[Aim of the task]
Whenever a line below includes "whole", add it to the tally, then give the total and nothing more.

Data entries:
++++++++
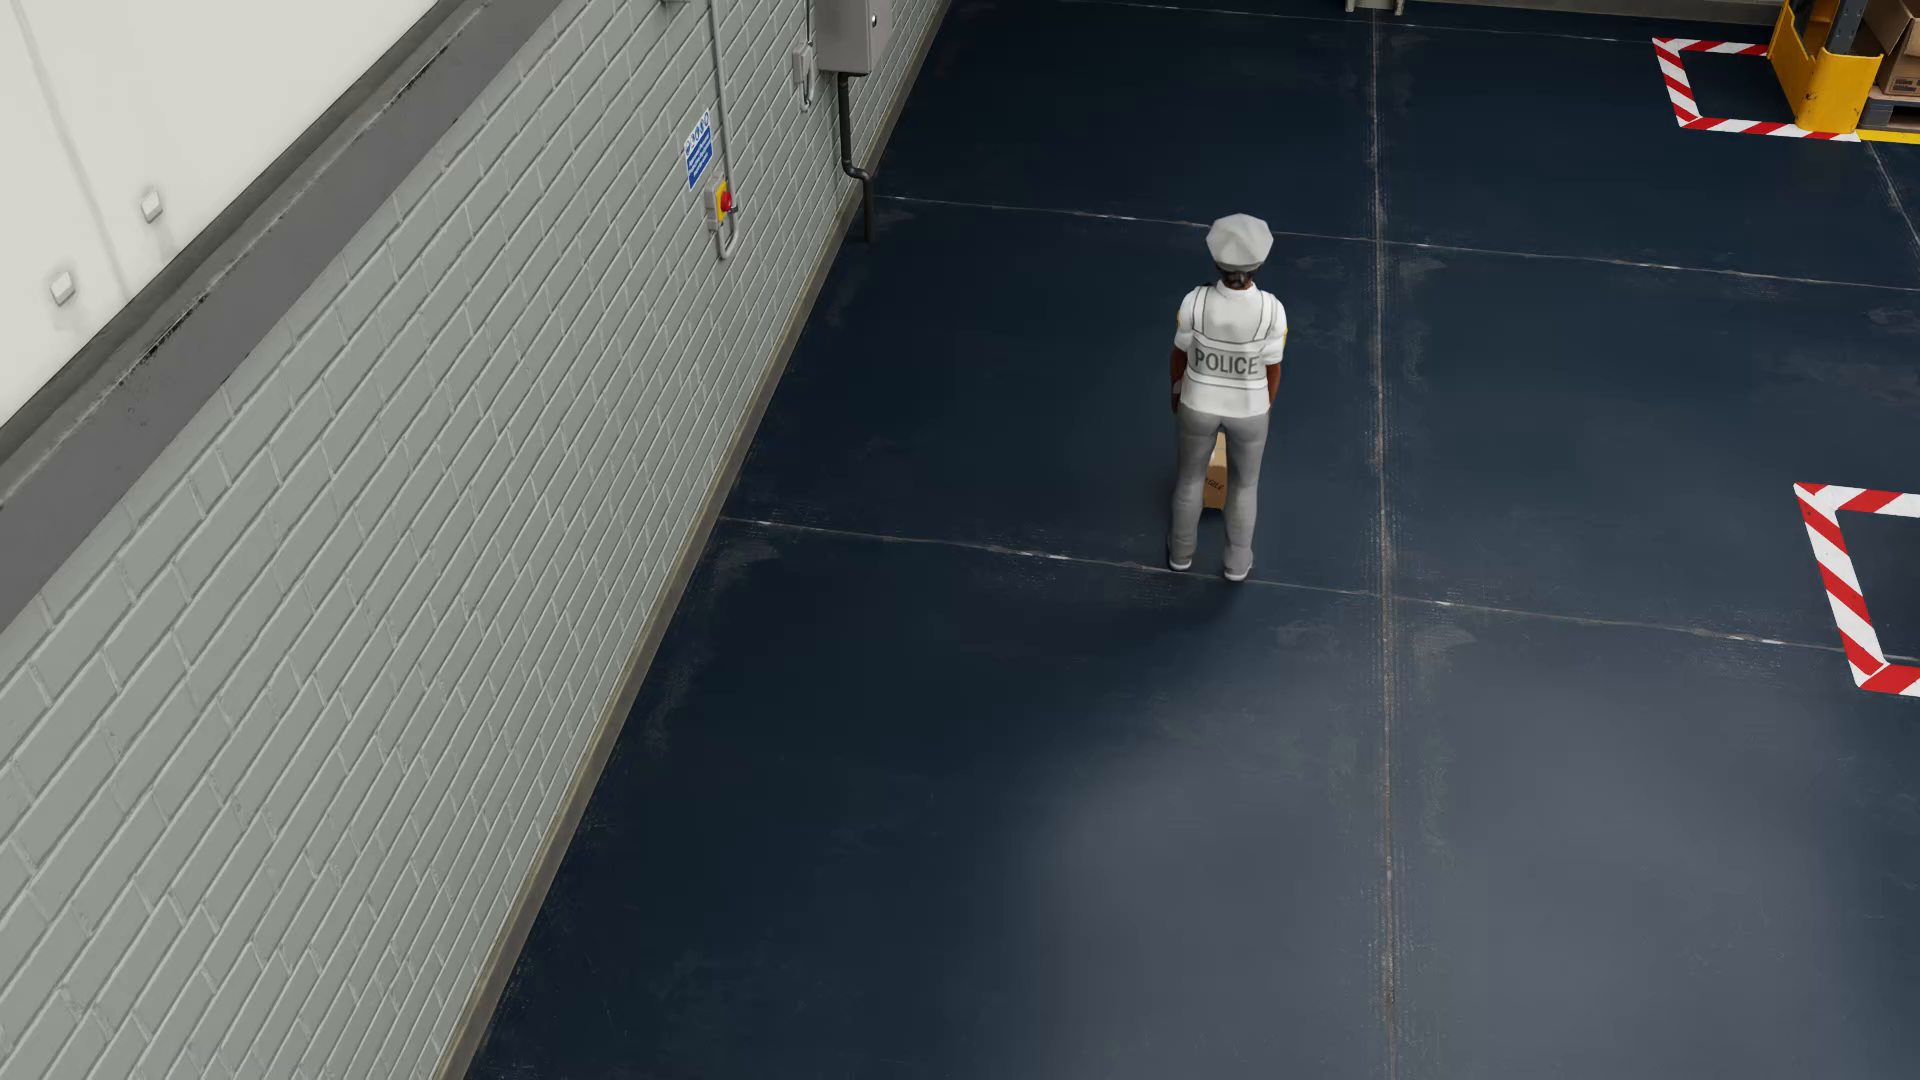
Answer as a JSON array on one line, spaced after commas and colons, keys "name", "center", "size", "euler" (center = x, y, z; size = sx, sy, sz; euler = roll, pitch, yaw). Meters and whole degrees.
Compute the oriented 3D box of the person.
[{"name": "person", "center": [1.068, -0.545, 6.797], "size": [0.452, 1.716, 0.351], "euler": [7, 41, 9]}]
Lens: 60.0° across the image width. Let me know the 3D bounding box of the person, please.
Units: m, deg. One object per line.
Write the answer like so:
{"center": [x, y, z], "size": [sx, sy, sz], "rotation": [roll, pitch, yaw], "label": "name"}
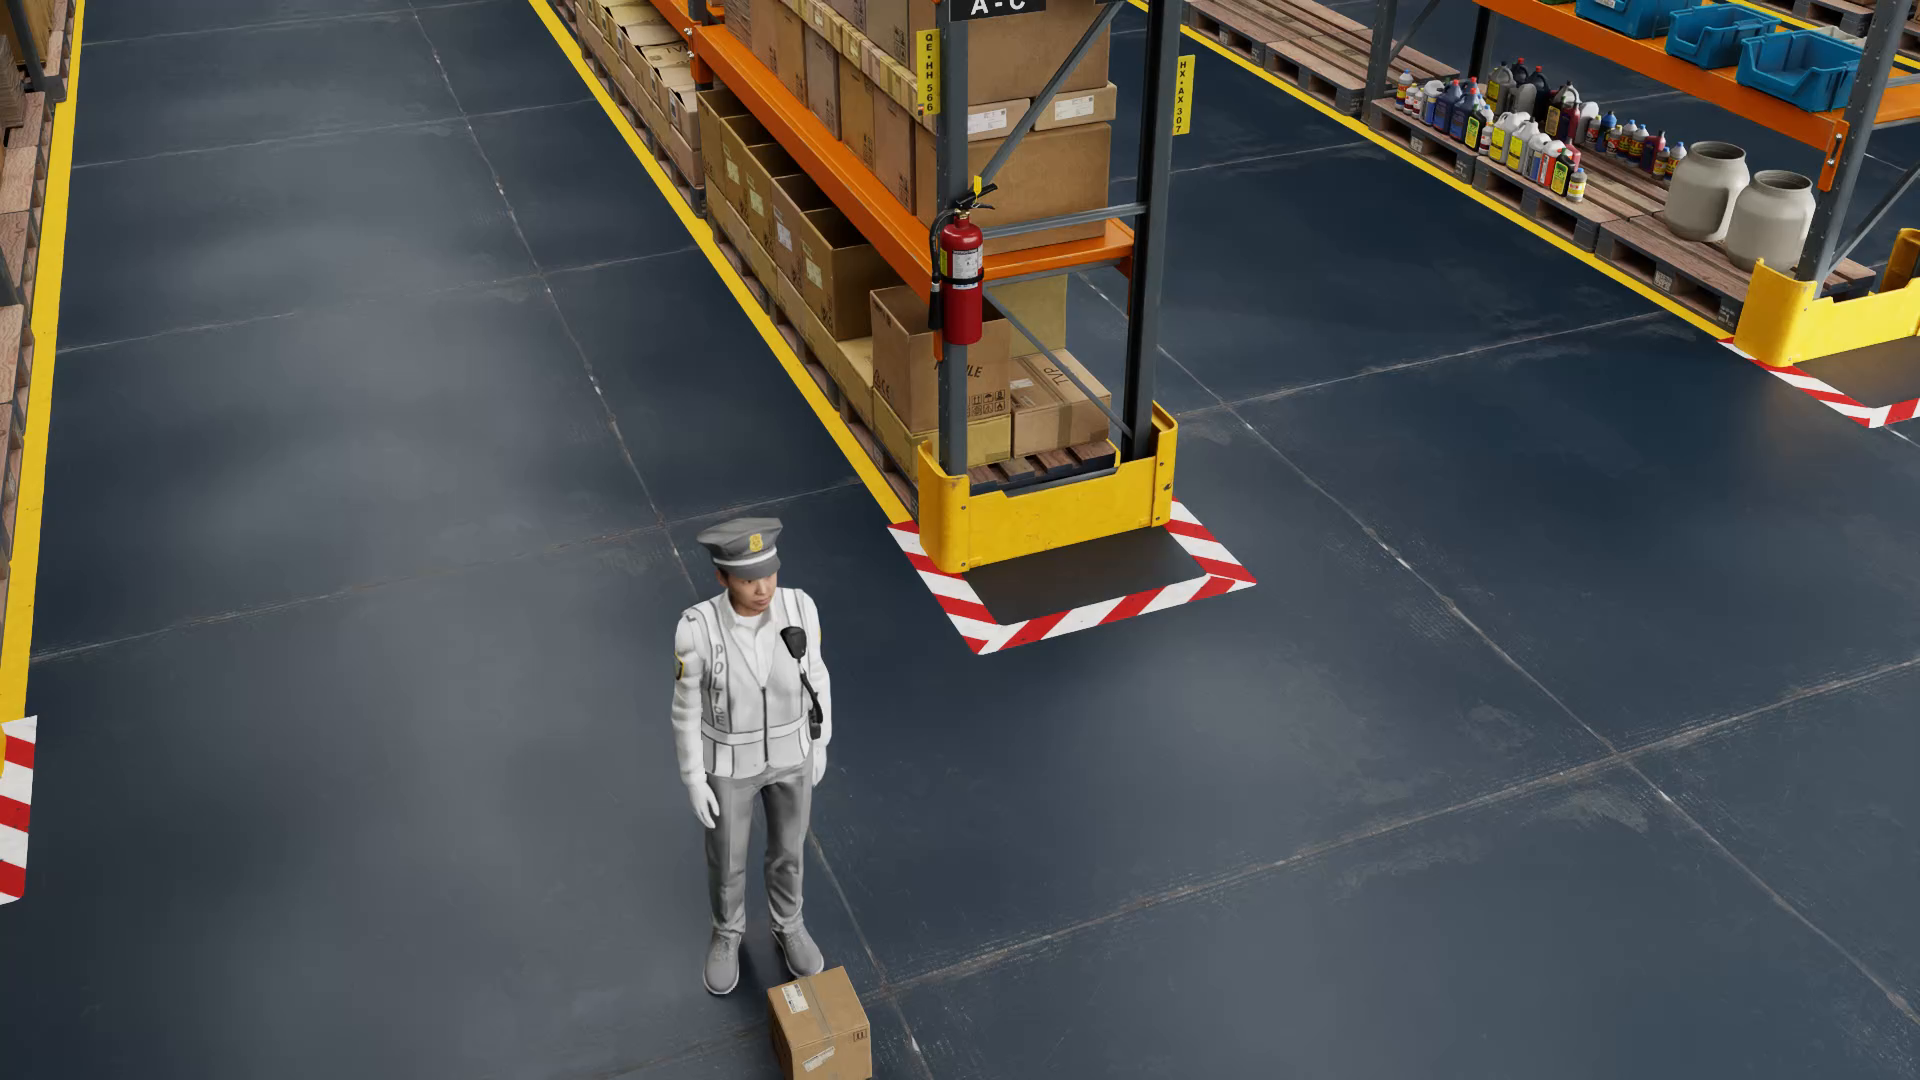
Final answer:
{"center": [-0.617, 0.678, 5.090], "size": [0.511, 1.719, 0.363], "rotation": [-13, 36, -19], "label": "person"}
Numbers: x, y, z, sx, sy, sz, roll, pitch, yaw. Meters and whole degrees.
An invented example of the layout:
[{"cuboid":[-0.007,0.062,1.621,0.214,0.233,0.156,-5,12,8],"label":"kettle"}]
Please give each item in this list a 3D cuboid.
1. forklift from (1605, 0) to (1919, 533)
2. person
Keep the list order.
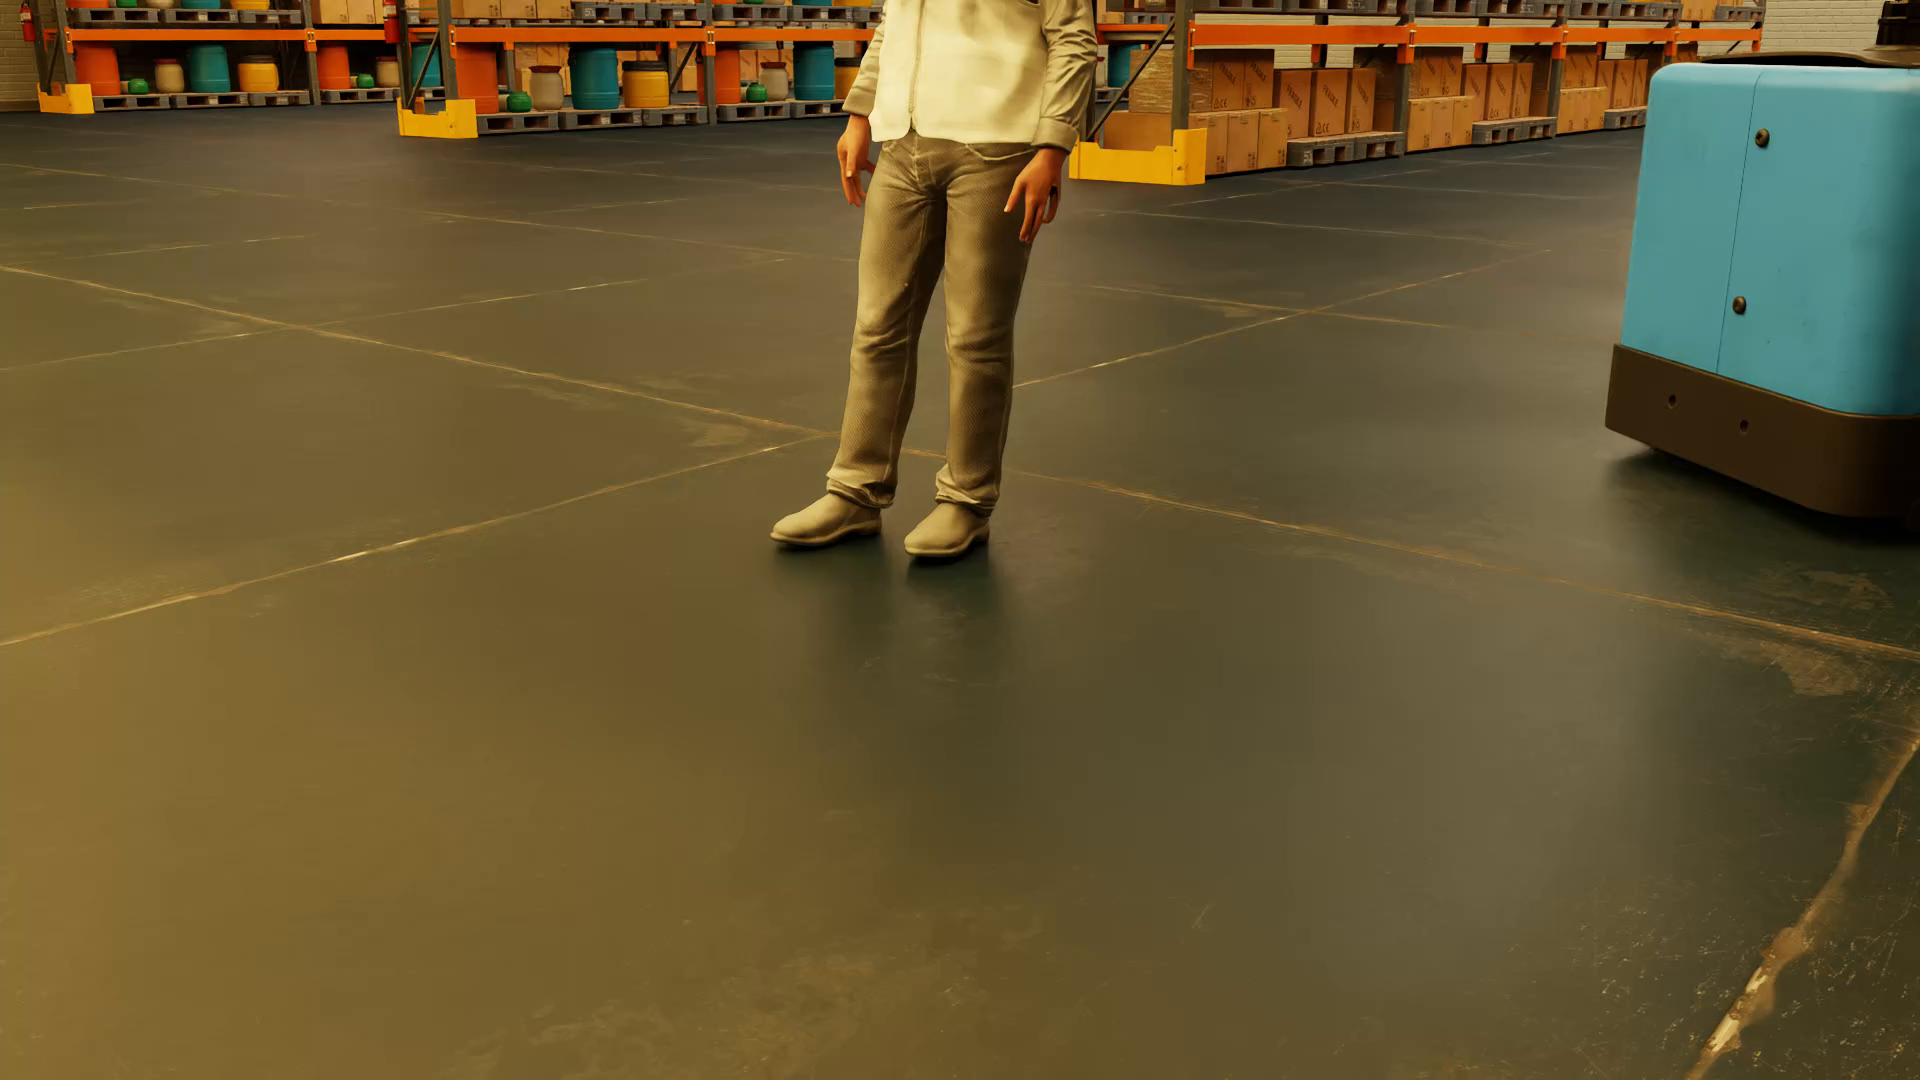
++++++++
[Expected answer]
2